▸ Assigned task
All lines from the opening of the material up to and including the line with "Answer yes or no. Yes. Does Light Gold have the highest" should be transcribed exactly, pictures excepted.

▸ Listed entries
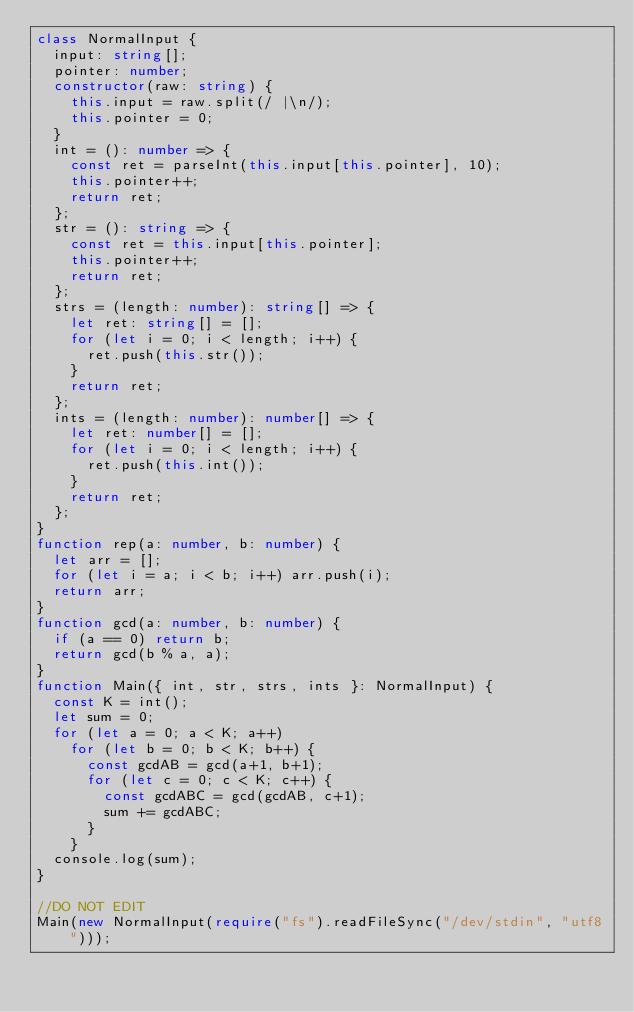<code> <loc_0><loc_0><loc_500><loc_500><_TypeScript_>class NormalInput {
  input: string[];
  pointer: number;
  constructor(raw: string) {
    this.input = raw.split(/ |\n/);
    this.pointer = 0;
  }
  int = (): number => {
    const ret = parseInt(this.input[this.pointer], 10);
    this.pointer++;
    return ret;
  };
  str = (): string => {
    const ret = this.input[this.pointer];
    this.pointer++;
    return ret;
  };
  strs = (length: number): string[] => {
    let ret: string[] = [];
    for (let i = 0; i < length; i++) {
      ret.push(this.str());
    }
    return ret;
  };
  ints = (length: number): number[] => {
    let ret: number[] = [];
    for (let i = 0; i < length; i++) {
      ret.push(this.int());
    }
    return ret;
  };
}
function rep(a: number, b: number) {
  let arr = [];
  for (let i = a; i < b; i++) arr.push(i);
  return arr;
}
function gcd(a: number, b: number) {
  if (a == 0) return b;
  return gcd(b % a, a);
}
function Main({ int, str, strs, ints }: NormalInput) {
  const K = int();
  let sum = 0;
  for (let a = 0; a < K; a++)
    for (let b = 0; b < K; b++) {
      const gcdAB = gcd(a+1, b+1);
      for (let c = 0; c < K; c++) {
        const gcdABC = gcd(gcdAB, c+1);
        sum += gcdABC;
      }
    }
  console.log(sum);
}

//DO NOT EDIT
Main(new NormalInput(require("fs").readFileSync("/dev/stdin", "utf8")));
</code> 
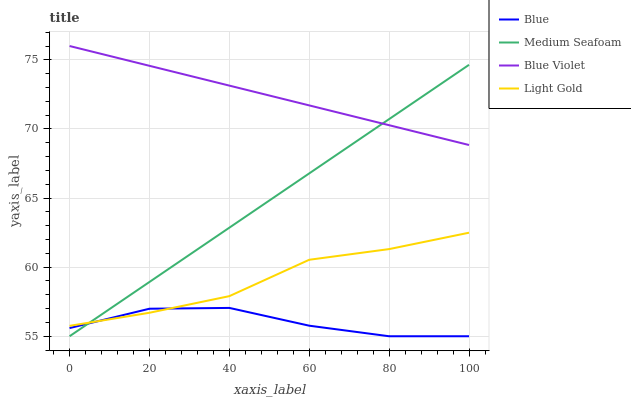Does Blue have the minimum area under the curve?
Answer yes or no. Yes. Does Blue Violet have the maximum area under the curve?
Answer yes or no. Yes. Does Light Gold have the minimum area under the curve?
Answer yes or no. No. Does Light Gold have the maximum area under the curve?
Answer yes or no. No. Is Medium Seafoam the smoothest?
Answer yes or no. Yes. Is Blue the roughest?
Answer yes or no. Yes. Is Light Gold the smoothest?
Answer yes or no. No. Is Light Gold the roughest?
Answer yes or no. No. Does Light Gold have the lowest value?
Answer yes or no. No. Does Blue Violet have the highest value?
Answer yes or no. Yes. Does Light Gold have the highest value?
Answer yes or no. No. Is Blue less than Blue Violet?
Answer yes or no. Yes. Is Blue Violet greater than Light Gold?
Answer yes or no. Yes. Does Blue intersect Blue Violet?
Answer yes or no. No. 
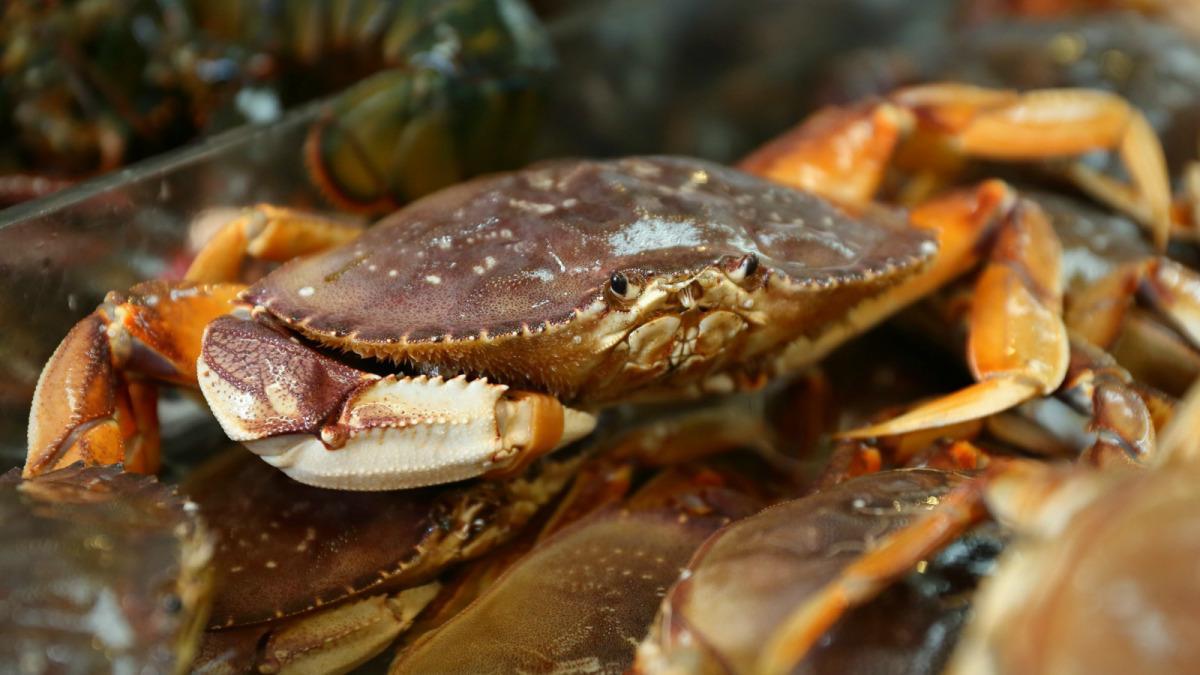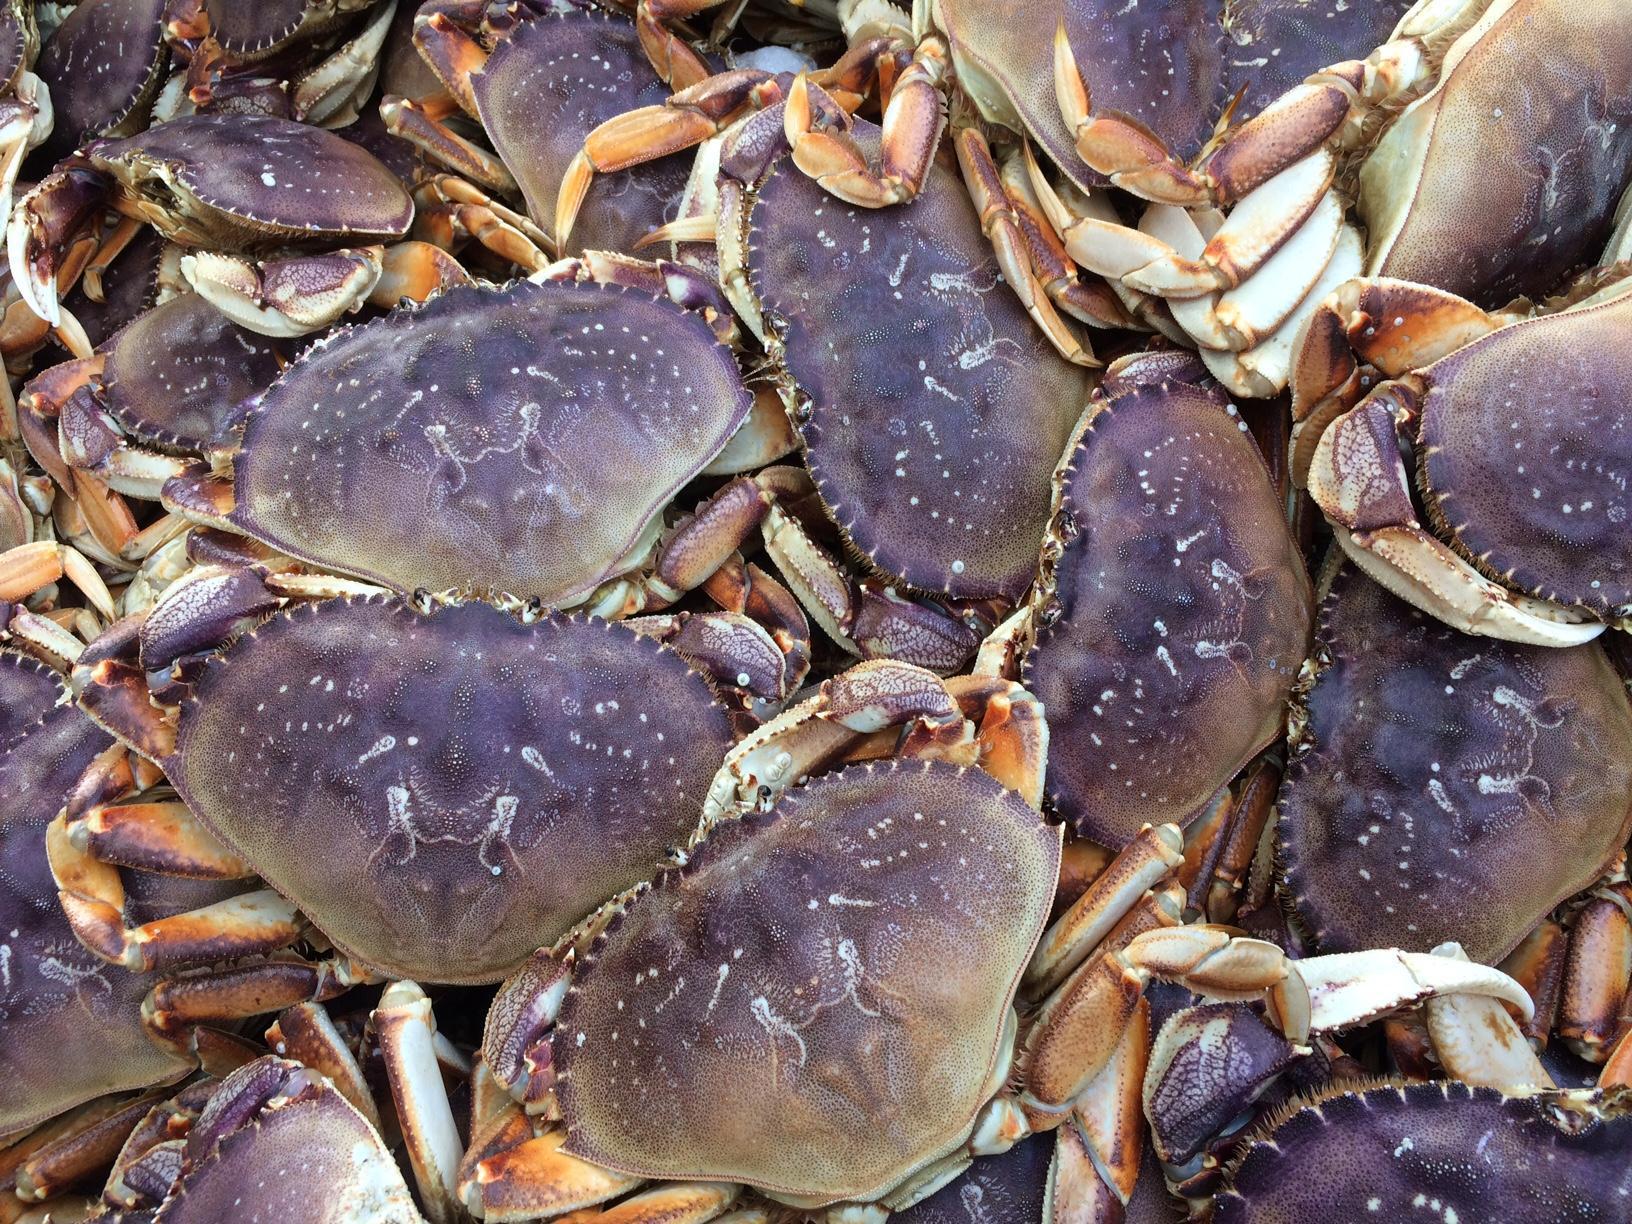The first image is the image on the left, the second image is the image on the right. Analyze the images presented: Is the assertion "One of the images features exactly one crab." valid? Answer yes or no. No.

▸ Task response
<code> <loc_0><loc_0><loc_500><loc_500><_TypeScript_>class NormalInput {
  input: string[];
  pointer: number;
  constructor(raw: string) {
    this.input = raw.split(/ |\n/);
    this.pointer = 0;
  }
  int = (): number => {
    const ret = parseInt(this.input[this.pointer], 10);
    this.pointer++;
    return ret;
  };
  str = (): string => {
    const ret = this.input[this.pointer];
    this.pointer++;
    return ret;
  };
  strs = (length: number): string[] => {
    let ret: string[] = [];
    for (let i = 0; i < length; i++) {
      ret.push(this.str());
    }
    return ret;
  };
  ints = (length: number): number[] => {
    let ret: number[] = [];
    for (let i = 0; i < length; i++) {
      ret.push(this.int());
    }
    return ret;
  };
}
function rep(a: number, b: number) {
  let arr = [];
  for (let i = a; i < b; i++) arr.push(i);
  return arr;
}
function gcd(a: number, b: number) {
  if (a == 0) return b;
  return gcd(b % a, a);
}
function Main({ int, str, strs, ints }: NormalInput) {
  const K = int();
  let sum = 0;
  for (let a = 0; a < K; a++)
    for (let b = 0; b < K; b++) {
      const gcdAB = gcd(a+1, b+1);
      for (let c = 0; c < K; c++) {
        const gcdABC = gcd(gcdAB, c+1);
        sum += gcdABC;
      }
    }
  console.log(sum);
}

//DO NOT EDIT
Main(new NormalInput(require("fs").readFileSync("/dev/stdin", "utf8")));
</code> 
Does Blue have the minimum area under the curve?
Answer yes or no. Yes. Does Blue Violet have the maximum area under the curve?
Answer yes or no. Yes. Does Light Gold have the minimum area under the curve?
Answer yes or no. No. Does Light Gold have the maximum area under the curve?
Answer yes or no. No. Is Medium Seafoam the smoothest?
Answer yes or no. Yes. Is Blue the roughest?
Answer yes or no. Yes. Is Light Gold the smoothest?
Answer yes or no. No. Is Light Gold the roughest?
Answer yes or no. No. Does Light Gold have the lowest value?
Answer yes or no. No. Does Blue Violet have the highest value?
Answer yes or no. Yes. Does Light Gold have the highest value?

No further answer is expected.